[Recorded data]
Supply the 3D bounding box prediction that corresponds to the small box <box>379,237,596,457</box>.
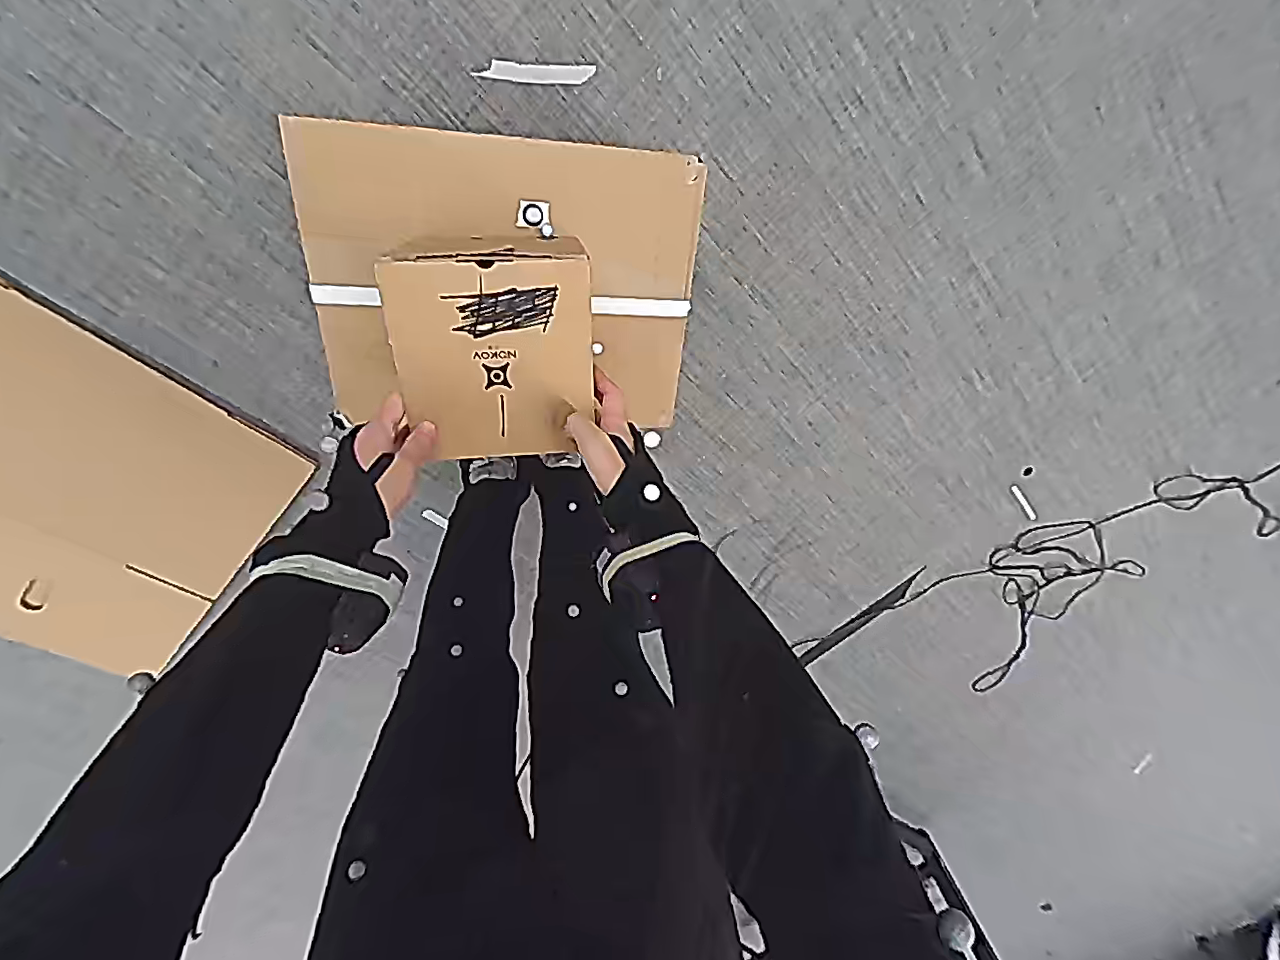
[{"bbox_3d":[-0.135,-0.140,0.532,0.168,0.176,0.179,-4,120,-8],"label":"small box"}]
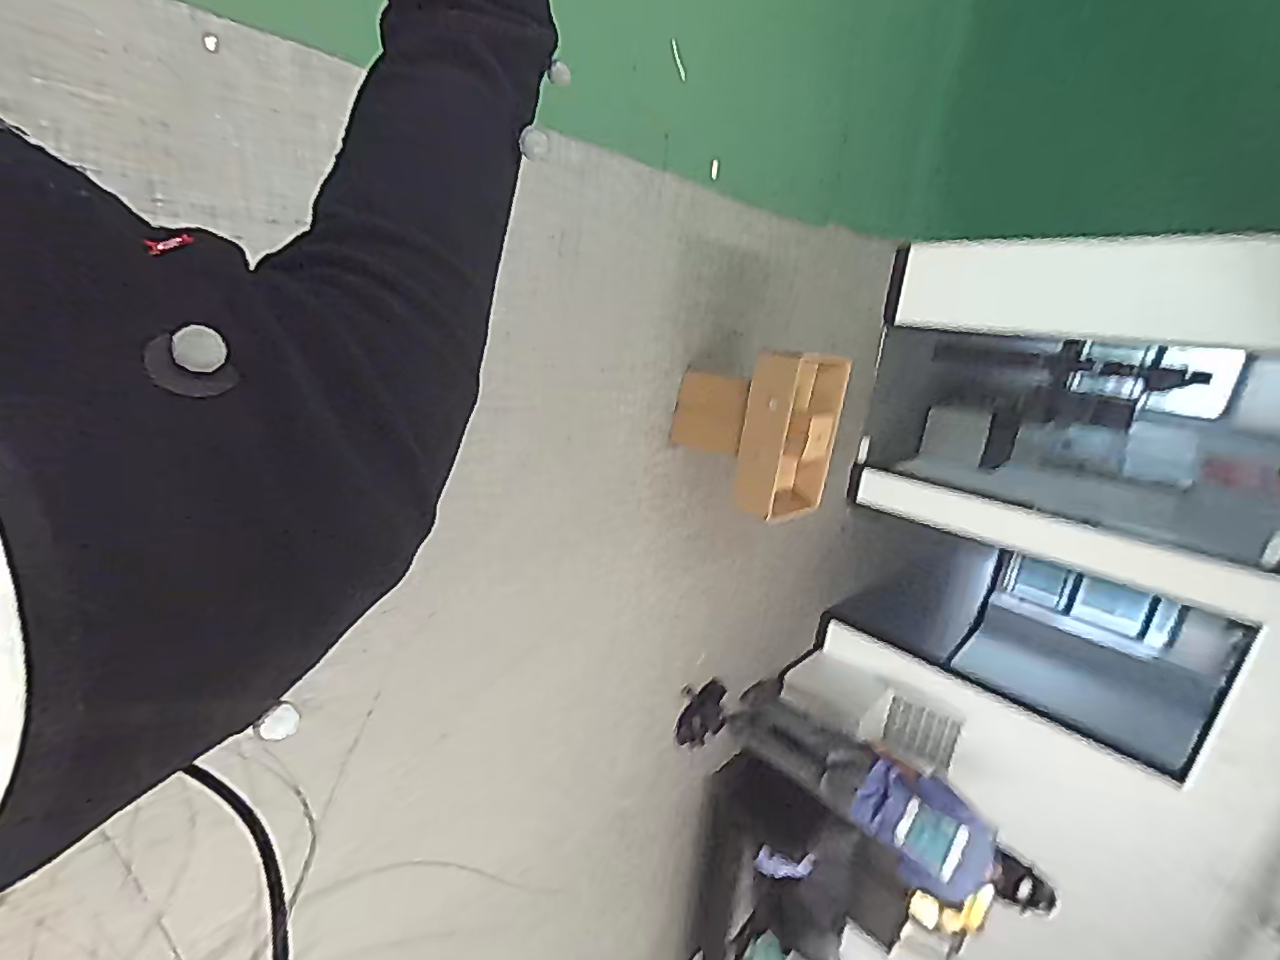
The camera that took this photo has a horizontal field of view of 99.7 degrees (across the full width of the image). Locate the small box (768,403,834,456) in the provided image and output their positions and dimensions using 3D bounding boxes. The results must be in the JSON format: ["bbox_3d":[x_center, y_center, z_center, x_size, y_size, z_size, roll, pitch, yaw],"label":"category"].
[{"bbox_3d":[0.612,-0.198,2.068,0.179,0.176,0.168,-12,116,-46],"label":"small box"}]
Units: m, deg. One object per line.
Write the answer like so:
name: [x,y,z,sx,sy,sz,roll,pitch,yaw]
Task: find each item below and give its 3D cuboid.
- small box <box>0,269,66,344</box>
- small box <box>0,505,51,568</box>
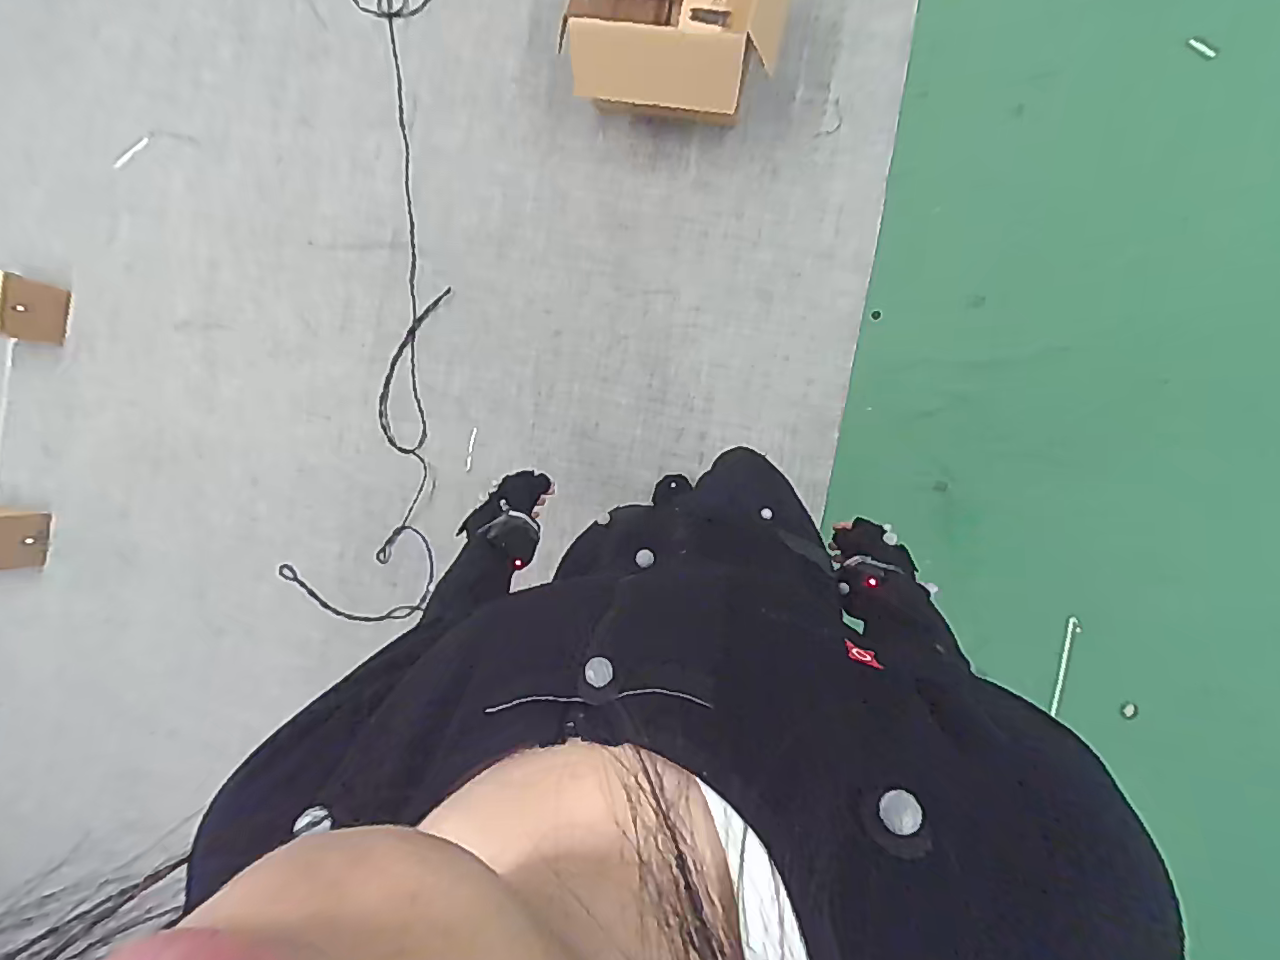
small box: [-1.844,-0.511,1.578,0.168,0.176,0.179,9,93,5]
small box: [-1.930,0.169,1.604,0.179,0.176,0.168,9,93,5]

* [WORK TO BE COMPLETED]
Exactly the lines from the one that contains "Write the answer" to the last line of the data, both included, should be set down, and no pictures should appear among them.

* [ANSWER BOX]
Write the answer like so:
name: [x,y,z,sx,sy,sz,roll,pitch,yaw]
Task: find each item below and give its 3D cuboid.
- small box <box>0,269,66,344</box>
- small box <box>0,505,51,568</box>
small box: [-1.844,-0.511,1.578,0.168,0.176,0.179,9,93,5]
small box: [-1.930,0.169,1.604,0.179,0.176,0.168,9,93,5]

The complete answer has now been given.